Secondary exchanges that are launching blockchain-based systems have begun to show some major developments. Exchanges such as Boerse Stuttgart are already live, and some other exchanges have also decided to take on a hybrid type service providing customers with asset issuance and secondary trading such as Securitize and Templum.

Post-trade services (clearing and settlement) such as Paxos, and Baton Systems are competing with traditional clearinghouses. Some corporations like the Australian Securities Exchange (ASX), have decided to build their own settlement system to move US$2 to US$3 trillion of securities on their permissioned chain.

We’ve already extensively covered the digital asset custody space so won’t go in-depth on it here. Please see our research here and a guide to help businesses orient themselves.

Full-service solutions are also in development. With the exception of the DBS Digital Exchange (which went live in early 2021), these services are not necessarily realistic or desirable. Borrel, the CPO at Polymath, mentioned that “the idea of using or becoming a full-service provider may seem appealing, but there are diminishing returns for these businesses when trying to cover everything.” This is on top of competing with experts in individual fields, which often doesn’t make sense. It remains to be seen whether these full services will remain sustainable in the near future.

In terms of infrastructure, there are various options.

Some companies want private, permissioned networks to maintain full control over all activity. Others choose public, permissionless infrastructure, with the ability to build privacy-oriented financial applications to respect the needs of corporations. These public networks have the benefits of being able to integrate more innovations by the open-source development community.

What are institutions saying about blockchain in capital markets?

Despite the number of announcements, funding, and developments that are happening, it is important to be realistic and understand that integrating blockchain into capital market infrastructures will take some time to fully develop.

Some companies say that the regulatory market is “maturing” whereas others believe it is “consolidating,” but does this mean it’s moving in the right direction? We would say yes. There would not be this much investment if market participants felt that the direction of regulatory development would slow down their progress.

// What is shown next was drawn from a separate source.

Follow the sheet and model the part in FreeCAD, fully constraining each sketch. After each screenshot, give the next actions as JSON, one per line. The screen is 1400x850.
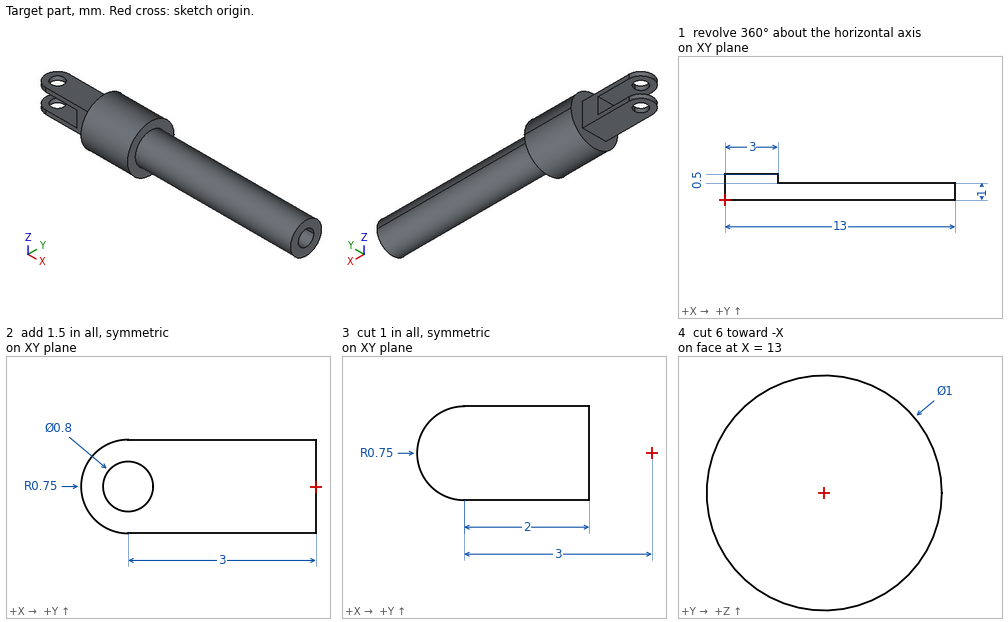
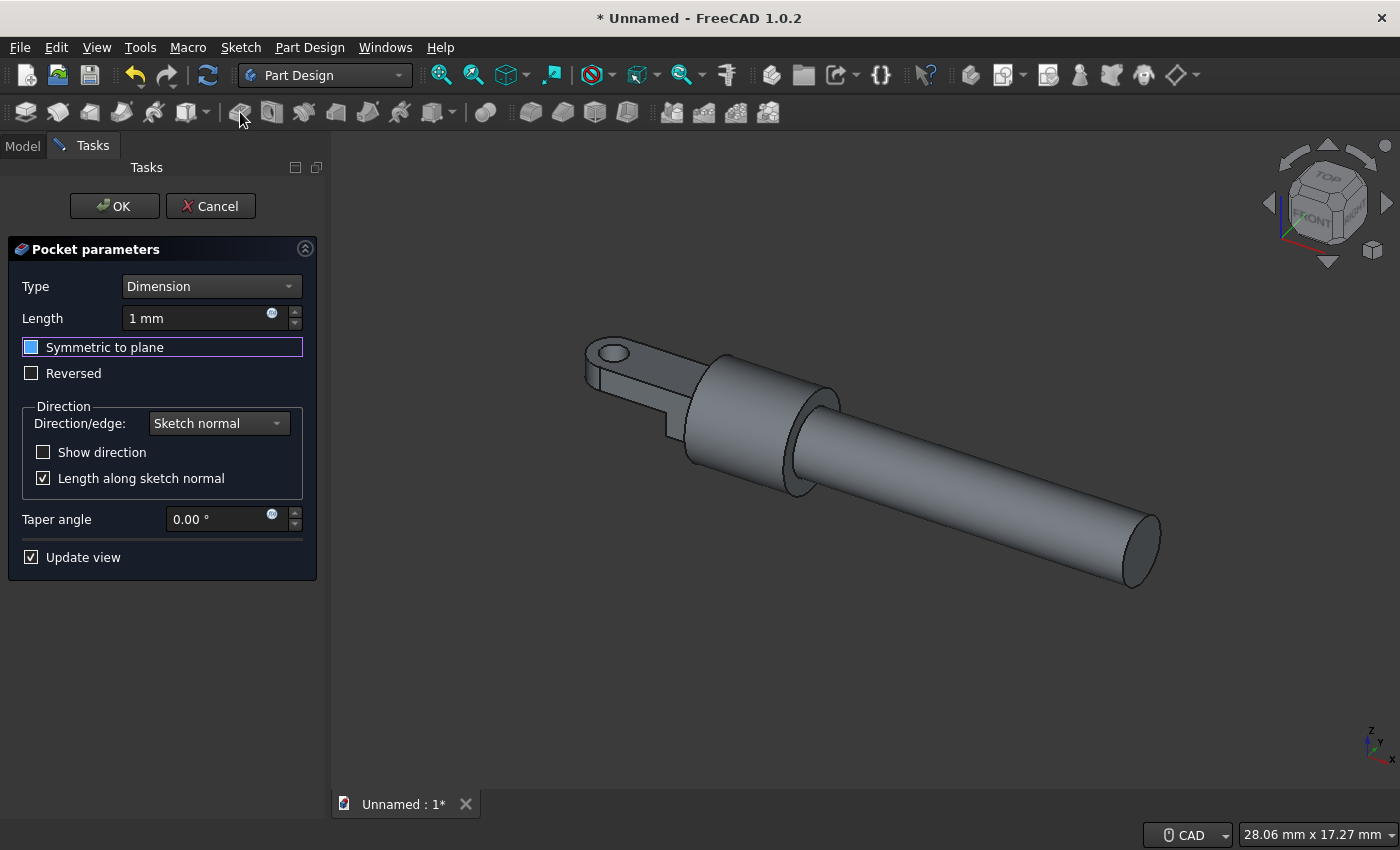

We are seeing some of the largest market players in capital markets announce their plans openly, and prove their activity and developments towards blockchain technology in the space. Whether it’s JPMorgan’s Repo Blockchain trading US$1billion a day, or Broadbridge’s platform processing US$31 billion a day, these numbers are still negligible when compared to traditional numbers, but they are rising nonetheless.

We’re seeing a lot of interest on the investor side, but we’re also seeing a lot of appetite from issuers, as well. This is definitely a collaborative effort across the market.

— Matthew McDermott, head of digital assets, Goldman Sachs.

We are moving two to three trillion dollars of securities onto this system, and that is larger than the whole global crypto world is sitting on the blockchain.

— Dominic Stevens, head of Australian Securities Exchange.

The future of blockchain in capital markets

The moves into a blockchain-based capital markets system are gradually becoming bigger. It’s important to realize that despite the weight of the announcements, it will take time for this to develop.

Being an early mover has many benefits. The generations that are growing up now will have a completely different perspective on what it means to raise capital for anything, exchange wealth and store it securely. Understanding their mindset and building solutions for their needs will ensure your organization remains relevant in the future.

Stick with the old ways and lag behind, and you will quite literally be made obsolete in time by a virtual “fantasy” land full of games and memes, where every human learns about trading and investing in all kinds of assets from a young age. It is becoming part of the internet culture.